(Excerpts from a dataset)

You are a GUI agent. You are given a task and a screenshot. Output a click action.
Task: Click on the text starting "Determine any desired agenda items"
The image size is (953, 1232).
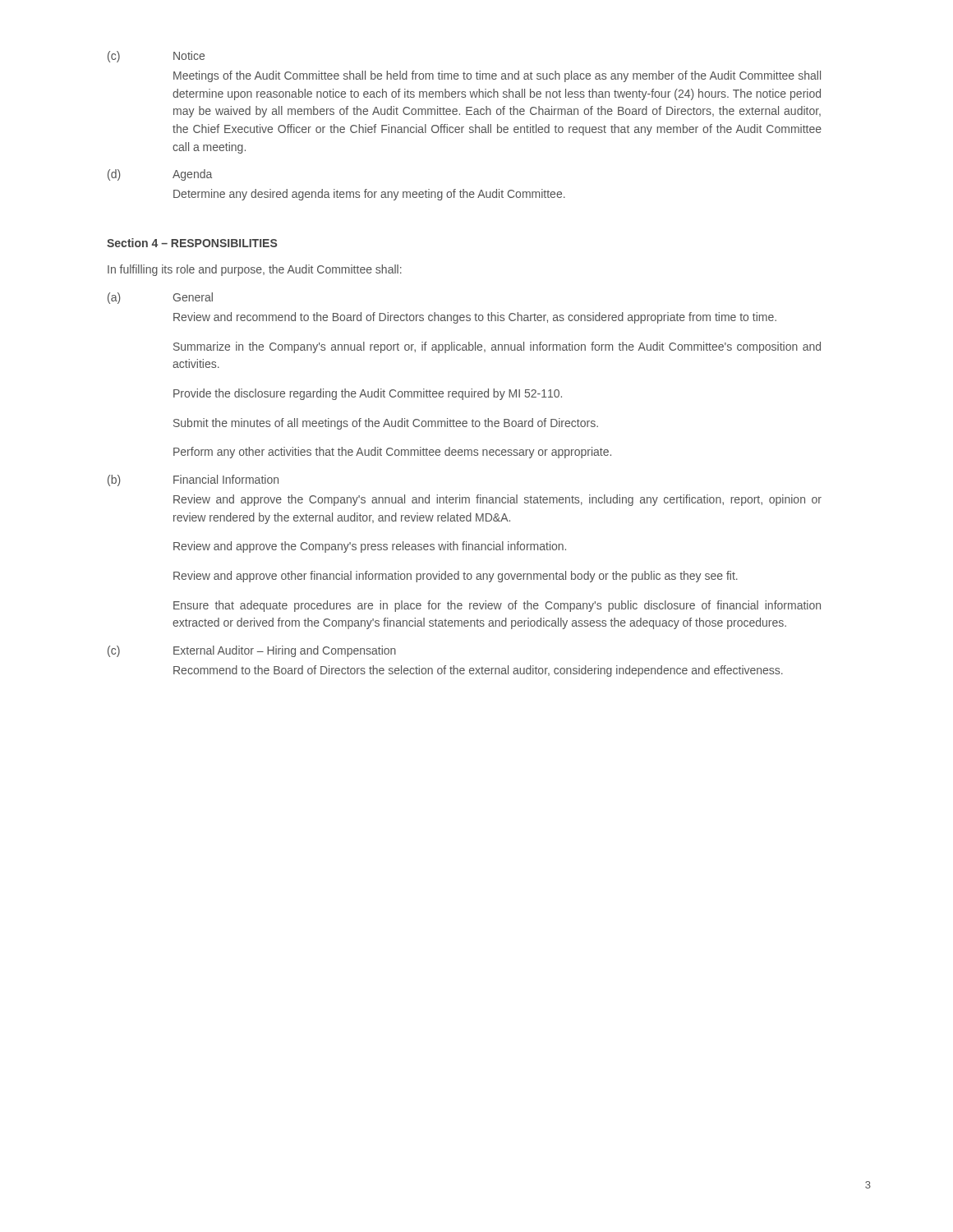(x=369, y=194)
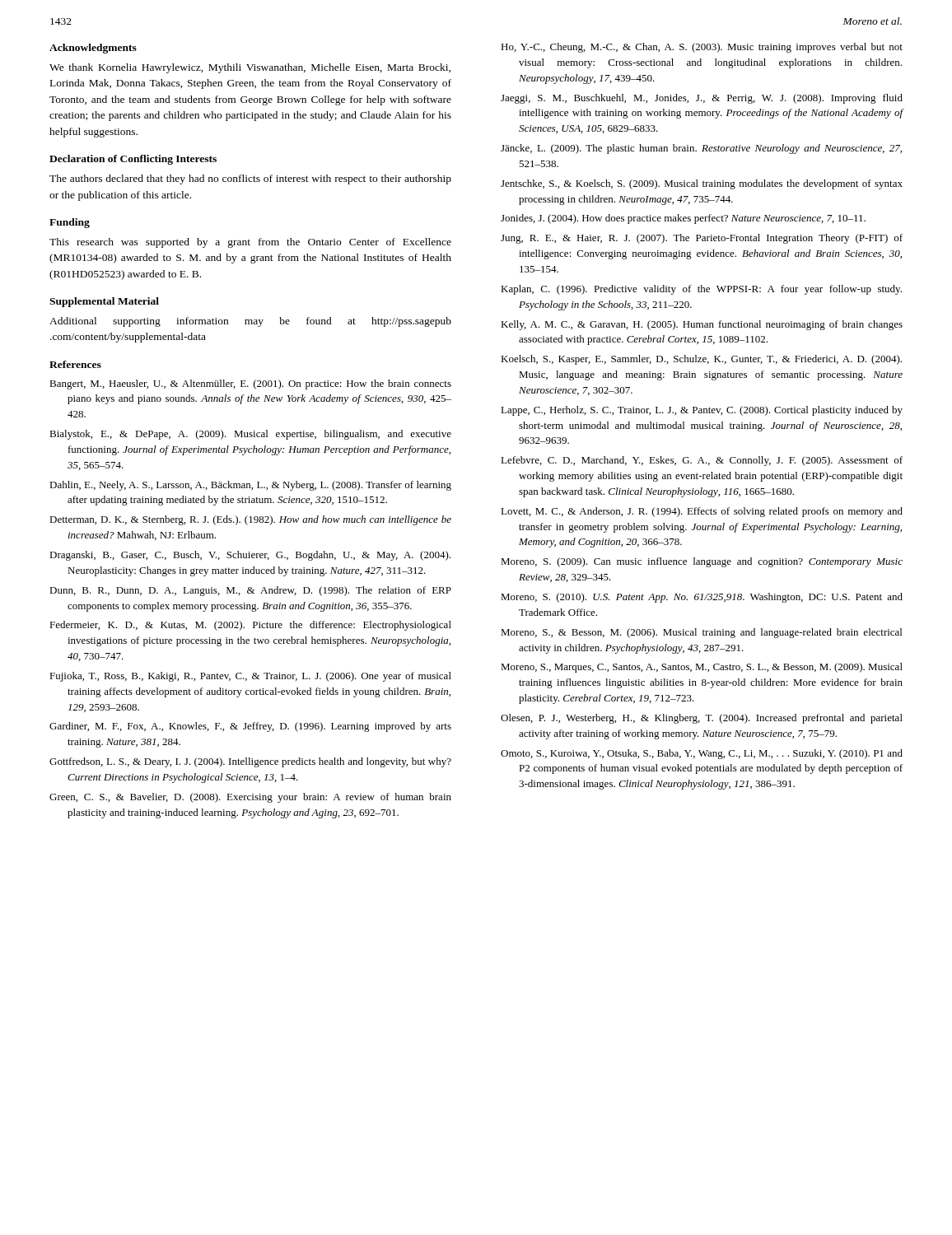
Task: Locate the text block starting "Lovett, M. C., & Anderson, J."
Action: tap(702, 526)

» Problem details
Your task is to repeat, word for word and with no picture, every line from the one that contains "Task: Click on" through the last line of the data.

» Answer section
Task: Click on the text starting "Determine any desired agenda items"
The image size is (953, 1232).
(x=369, y=194)
Task: Locate the text block starting "Lovett, M. C., & Anderson, J."
Action: tap(702, 526)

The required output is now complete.